Still, don’t feel anxious or upset when your child doesn’t come home with medals or top marks. Instead, take time to discover what they actually love to do because chances are they thrive in it. And when you allow them to engage in their interests and passions, they’ll always surpass your expectations.

Do: Help them reduce homework stress.father and daughter

Instead of pressuring your kids to finish a mound of homework in one sitting without help, guide them. Some overachieving kids can put pressure on themselves, too, especially if they’re innately competitive. Hence, your assurance and guidance are critical. Schedule a downtime before they get burnt out. Establish a routine that doesn’t revolve around studying. Giving your kids ample time to relax their brains and unwind will help them maintain a healthy balance between studies and leisure. It’ll make them appreciate their own well-being, not just their grades and academic achievements.
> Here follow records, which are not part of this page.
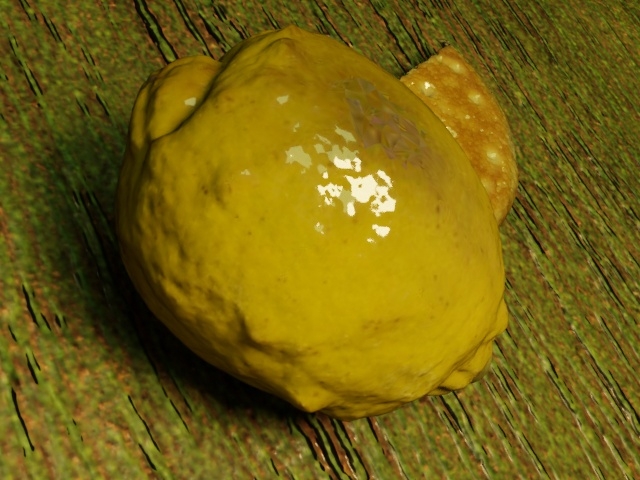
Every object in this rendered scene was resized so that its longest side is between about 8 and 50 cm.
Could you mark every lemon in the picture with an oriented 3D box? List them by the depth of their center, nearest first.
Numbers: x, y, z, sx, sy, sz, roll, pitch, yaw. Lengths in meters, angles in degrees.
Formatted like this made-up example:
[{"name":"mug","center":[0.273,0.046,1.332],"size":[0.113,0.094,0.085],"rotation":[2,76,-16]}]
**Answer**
[{"name":"lemon","center":[-0.006,-0.005,0.729],"size":[0.285,0.285,0.316],"rotation":[-71,148,-41]}]

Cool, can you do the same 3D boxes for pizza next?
[{"name":"pizza","center":[0.127,-0.117,1.027],"size":[0.197,0.058,0.292],"rotation":[10,53,-24]}]

Don’t: Discuss the future often.

Children are naturally excited about the future. They like to dream of what they want to be when they grow up. But when you discuss the future with expectations of what they should already be at a certain age — for instance, telling them that they should become a lawyer or a doctor after college — your child will feel pressured to attain straight A’s on all their subjects, because otherwise, they’d be a failure.

Do: Give them praise.

Nothing is more motivational than being praised for your hard work. Even if your child doesn’t get the medal or earn the number one spot, they still are their biggest supporter. Don’t nitpick on their harmless mistakes, and focus instead on their triumphs. If they fail, let them know that they can always try again and that failure is part of growing up. Their independence in their achievements will help them make healthy choices that will be essential in their happiness and adulthood.